Robinson spent eight months during her junior year and subsequent summer living and working in Canterbury, New Zealand. She served as a conservation ranger before continuing her advisors’ joint research on climate action by interviewing farmers, community leaders, and politicians. Her research was supported by Hamilton’s Arthur Levitt Public Affairs Center.                                                         

Clare Robinson '25

Major: Interdisciplinary studies

Hometown: Philadelphia, Pa.

Reflecting on her findings, Robinson said, “Agriculture is a primary economic function of Canterbury and the backbone of these communities, but also the major carbon source — about 50% of the country’s total emissions. The government started massively cracking down on agriculture, and people are very frustrated about this.”

Her New York study involved speaking to community members and climate leaders about the implementation of the state’s ambitious renewable energy and carbon reduction goals, such as those included in the Climate Leadership and Community Protection Act.

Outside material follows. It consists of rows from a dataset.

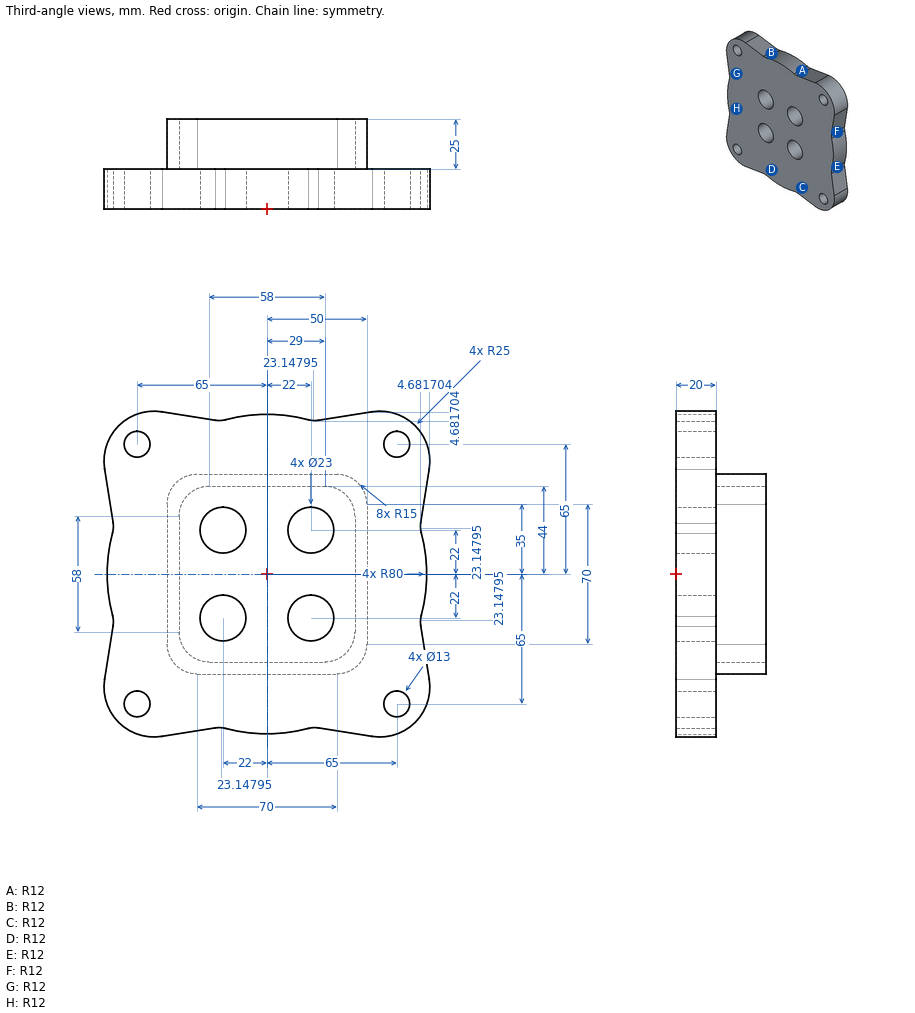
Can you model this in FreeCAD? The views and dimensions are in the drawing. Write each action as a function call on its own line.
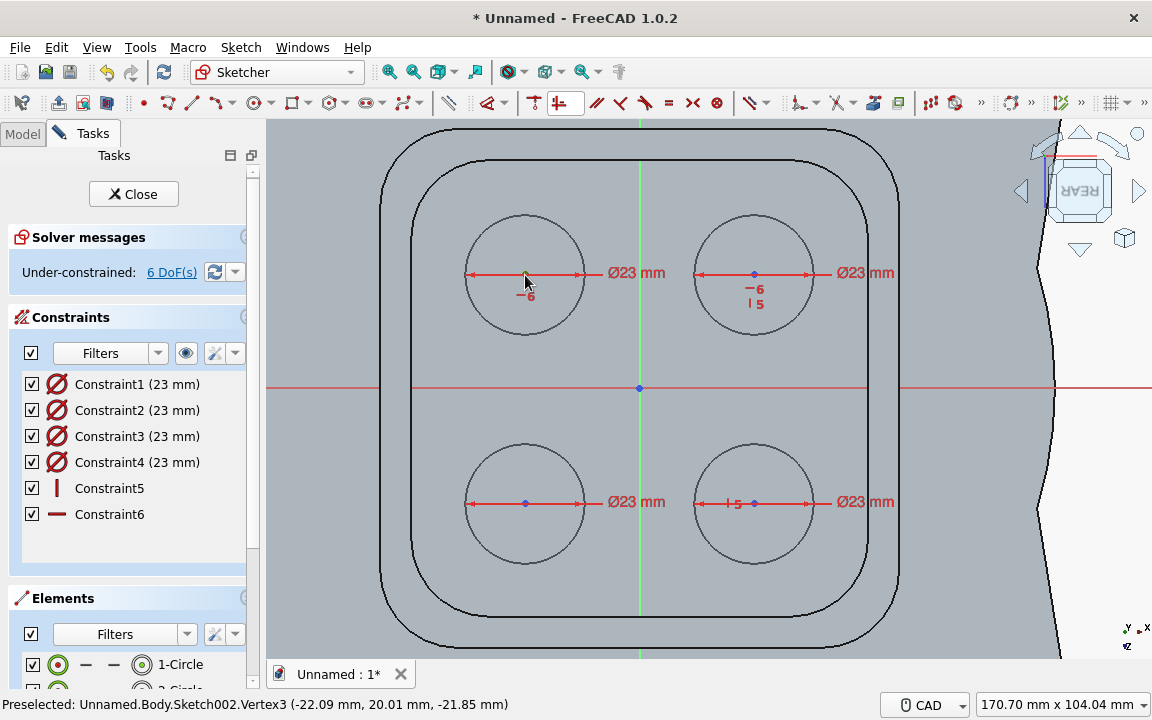
click(525, 504)
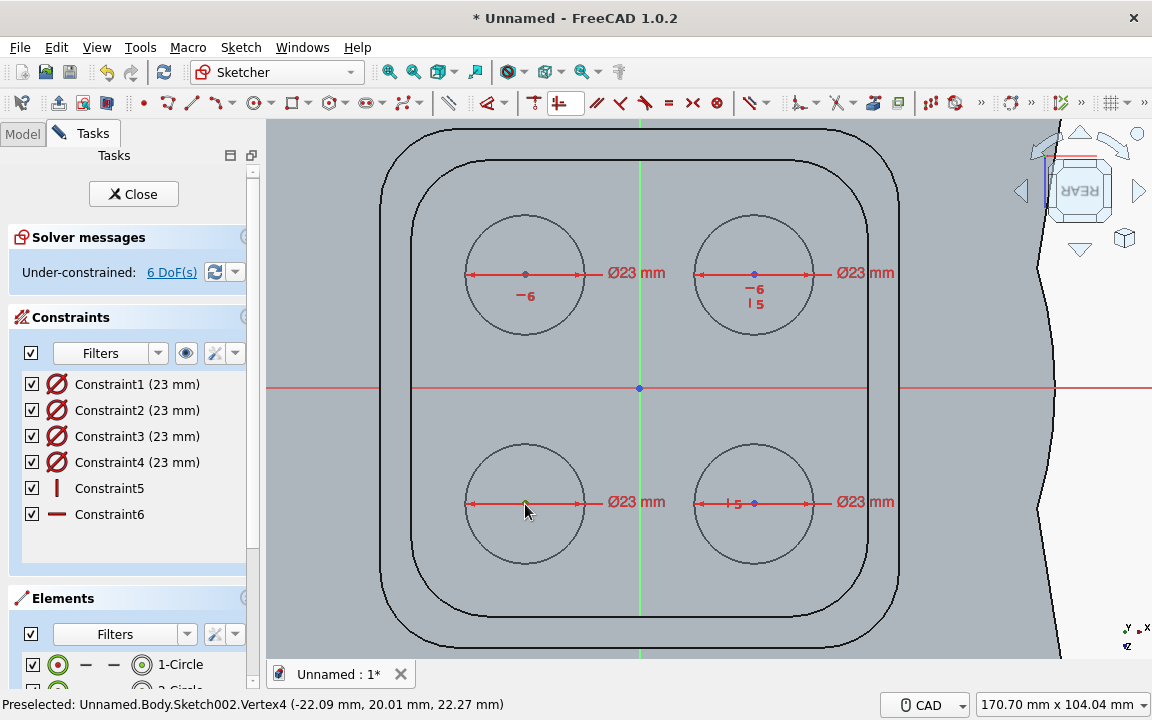
click(578, 104)
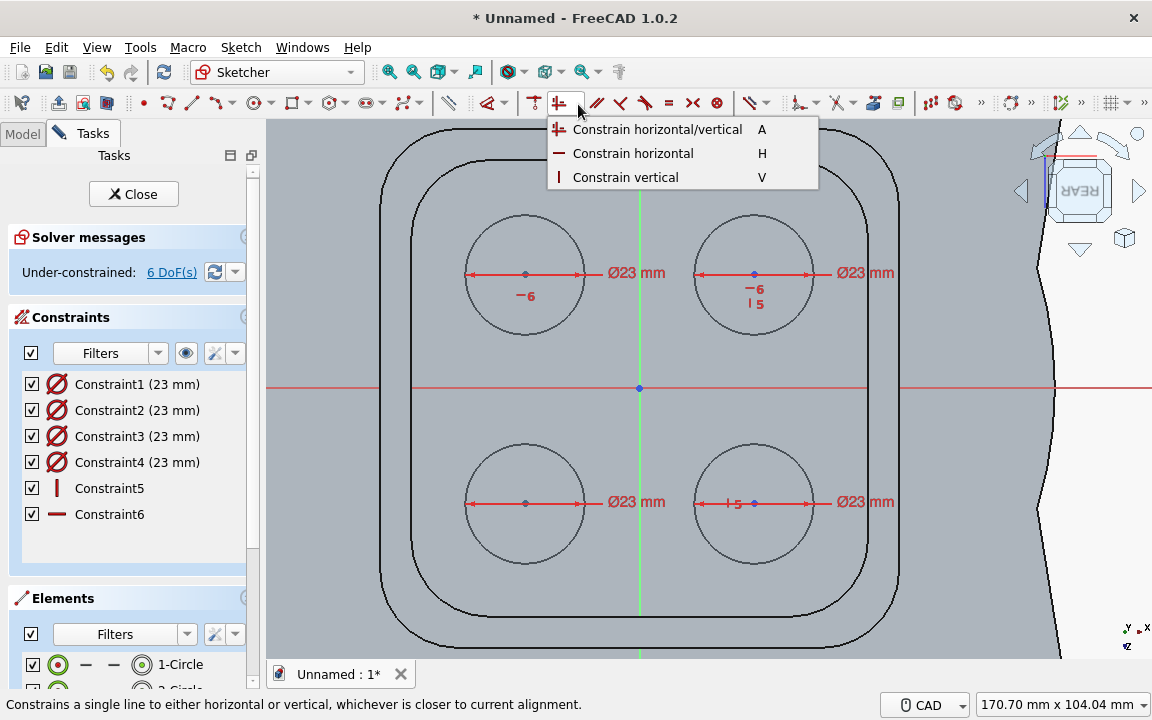
click(683, 177)
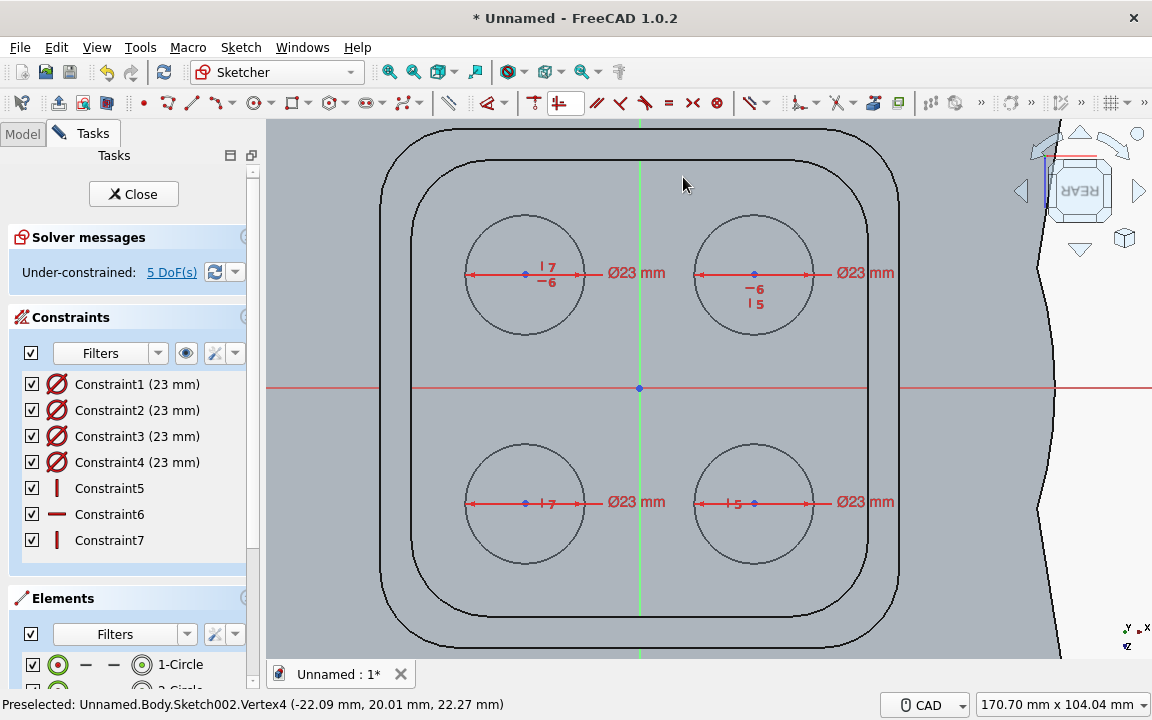
click(754, 504)

“There’s a lot of resistance,” Robinson explained. “People feel like they’re not being heard.”

Robinson’s senior fellowship resulted in two papers dedicated to her two areas of study. Of her overall takeaways, Robinson reflected, “Community input and engagement from the ground level are so important. A lot of it is now driven from the top centralized state forces in the cities. People are feeling rejected and unheard. They feel like they lost all their local autonomy over land use, and that comes from historic systemic marginalization of rural communities.

My experience gave me a lot of confidence in myself as a learner and a researcher and helped me with resiliency and the ability to keep working hard even when it can be monotonous.

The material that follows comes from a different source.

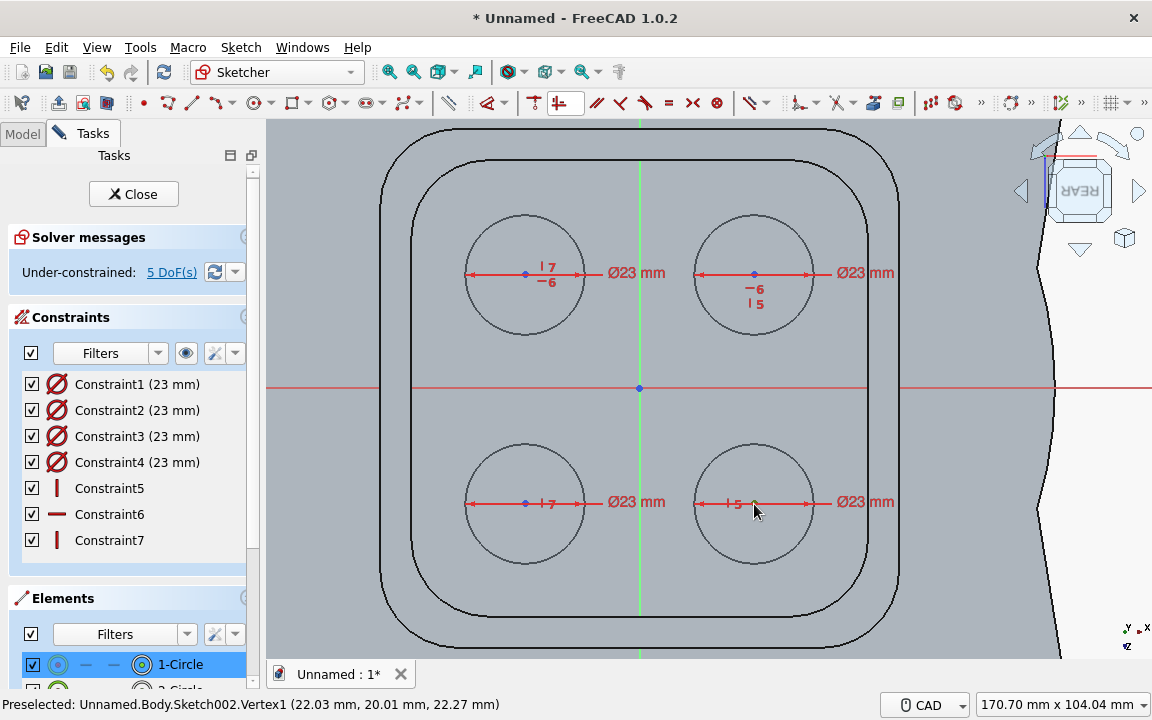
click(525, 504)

“Ultimately, this really slows the transition, which is detrimental to combatting climate change and cutting down state emissions,” she said. “Engaging communities makes them feel like they’re heard, which is both the right thing to do and will also help speed up a climate transition.”

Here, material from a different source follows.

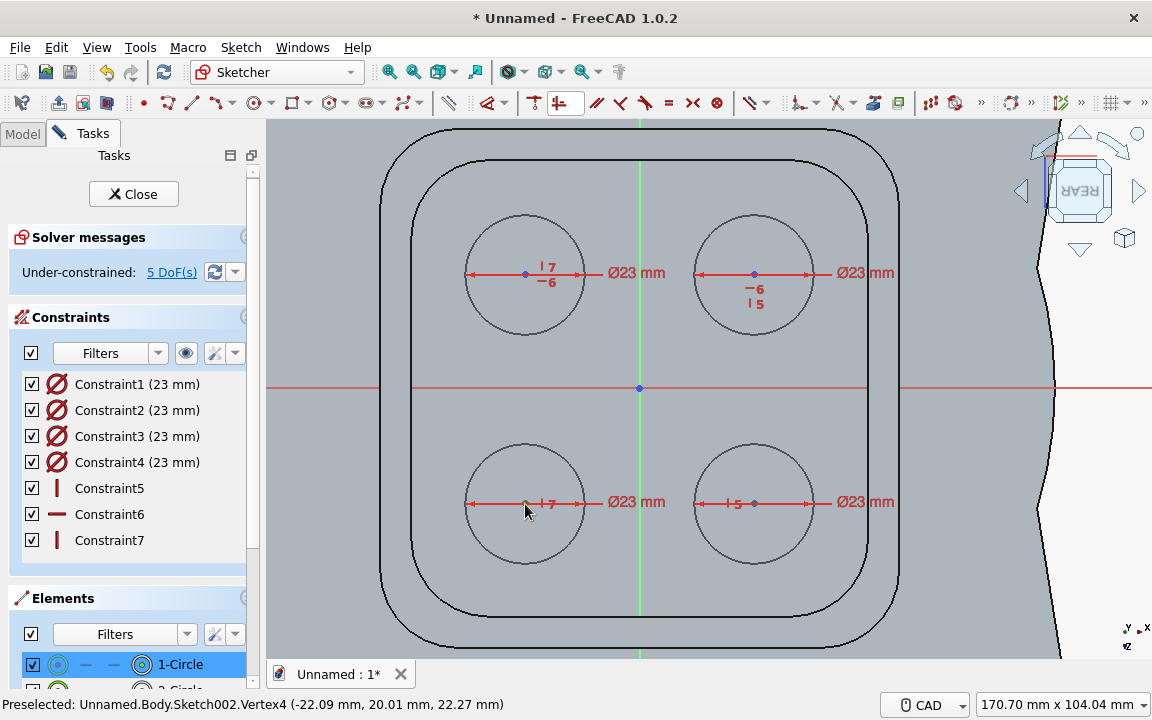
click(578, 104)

Overall, Robinson found the Senior Fellowship experience equally challenging and rewarding. “My experience gave me a lot of confidence in myself as a learner and a researcher and helped me with resiliency and the ability to keep working hard even when it can be monotonous,” she said. “It was really eye-opening and exciting to watch the project transform throughout the year.”

Robinson will spend the upcoming year working at Glacier National Park as a backcountry youth educator. She will lead trips to engage students with the park and design workshops to educate the general public. Afterward, she hopes to spend more time abroad working in conservation before returning to academia for a master’s in environmental policy.

Reflecting on her journey ahead, Robinson cited her advisors Strong and Kucinskas as major inspirations. “Their interdisciplinary approach to environmental research brings together the hard science environmental changes that need to happen and how this affects the people most impacted by these policies,” Robinson said. “I would love to continue this [work] because it cannot be lost in the urgency to transition.”